3 Adaptive Motion Pooling and Diffusion Model (AMPD)

The baseline model FFV1MT is largely devised to describe physiological and psychophysical observations on motion estimation when the testing stimuli were largely homogeneously textured regions such as moving gratings and plaids. Hence the model is limited in the context of dense flow estimation for natural videos as it has no inherent mechanism to deal with associated sub problems such blank wall problem, aperture problem or occlusion boundaries. Building on recent results summarized in Sect. 2 we model some of these mechanisms to highlight their potential impact on optic flow computation. Considering inputs from area V2, we focus on the role of local context (contrast and image structure) indicative of the reliability of these local measurements in (i) controlling the pooling from V1 to MT and (ii) adding lateral connectivity in MT.

3.1 Area V2: Contrast and Image Structure

Our goal is to define a measure of contrast, which is indicative of the aperture and blank wall problems, by using the responses of spatial Gabor filters. There exist several approaches to characterize the spatial content of an image from Gabor filter (e.g., in [10] the authors propose the phase congruency approach which detects edges and corners irrespectively of contrast in an image). In dense optical flow estimation problem, region with texture are less likely to suffer blank wall and aperture problems even though edges are susceptible to aperture problem. So phase congruency approach cannot be used directly and we propose the following simple alternative approach.

Let \(h_{\theta _i}\) the Gabor filter for edge orientation \(\theta _i\), we define

$$\begin{aligned} R(p) = (R_{\theta _1}(p),\ldots ,R_{\theta _N}(p)) \text { where }R_{\theta _i}(p) = | h_{\theta _i} *I|(p). \end{aligned}$$

Given an edge orientation at \(\theta _i, R_{\theta _i}\) is maximal when crossing the edge and \(\nabla R_{\theta _i}\) indicate the direction to go away from edge.

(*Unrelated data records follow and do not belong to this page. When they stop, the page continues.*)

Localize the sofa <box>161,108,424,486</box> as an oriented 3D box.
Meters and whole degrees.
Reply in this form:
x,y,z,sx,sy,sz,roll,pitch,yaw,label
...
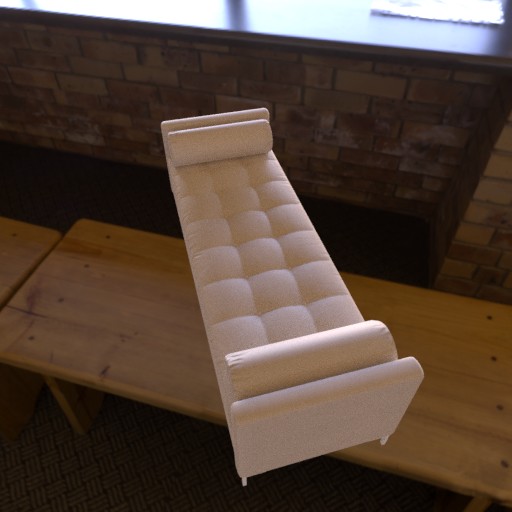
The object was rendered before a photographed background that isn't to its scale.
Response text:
x,y,z,sx,sy,sz,roll,pitch,yaw,label
0.000,0.000,2.347,0.686,0.635,1.981,-11,47,-11,sofa
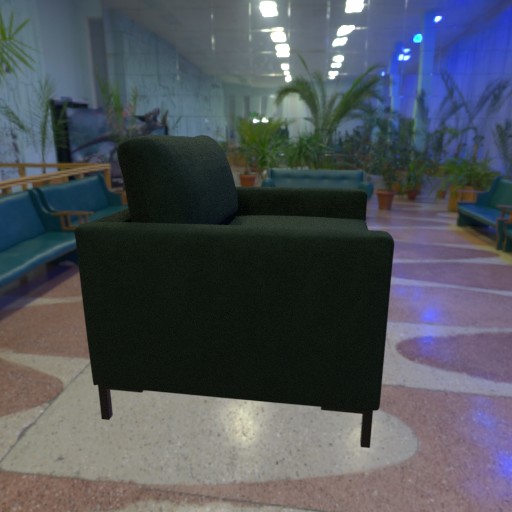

Then the following contrast/cornerness measure is proposed as follows, taking into consideration the amount of contrast at a given location and also ensuring that contrast is not limited to a single orientation giving raise to aperture problem:

$$\begin{aligned} \mu (R(p))&= \frac{1}{N} \sum _i R_{\theta _i}(p),\end{aligned}$$
(5)
$$\begin{aligned} C(p)&= H_\xi (\mu (R(p)) (1- \sigma ^2 ( R(p) )/\sigma ^2_{max}), \end{aligned}$$
(6)

where \(\mu (R(p))\) (resp. \(\sigma ^2(R(p))\)) denote the average (resp. variance) of components of R at position \(p,H_\xi (s)\) is a step function (\(H_\xi (s)=0\) if \(s\le \xi \) and 1 otherwise) and \(\sigma ^2_{max} = \max _{p} \sigma ^2 ( R(p) )\). The term \(H_\xi (\mu (R(p))\) is an indicator of contrast as it measures the Gabor energies: in regions with strong contrast or strong texture in any orientation this term equals to one; in a blank wall situation, it is equal to zero. The term \((1- \sigma ^2 ( R(p) )/\sigma ^2_{max})\) measures how strongly the contrast is oriented in a single direction: it is higher when there is only contrast in one direction and lower when there is contrast in more than one orientation (thus it is an indicator of where there is aperture problem).

3.2 Area MT: V2-Modulated Pooling

Most of the models currently pool V1-afferents using a linear fixed RF size, which does not adapt itself to the local gradient or respect discontinuities in spatio-temporal reposes. This might lead to degradation in the velocity estimates by blurring edges/kinetic boundaries. Thus it is advantageous to make the V1 to MT pooling adaptive as a function of texture edges.

We propose to modify the pooling stage as follows

$$\begin{aligned} E^{MT}(p,t;d,v^c)= F\left( \sum _{i={1}}^{N} w_d(\theta _i) \tilde{\mathscr {P}}(E^{V1})(p,t;\theta _i, v^c) \right) , \end{aligned}$$

where the spatial pooling become functions of image structure.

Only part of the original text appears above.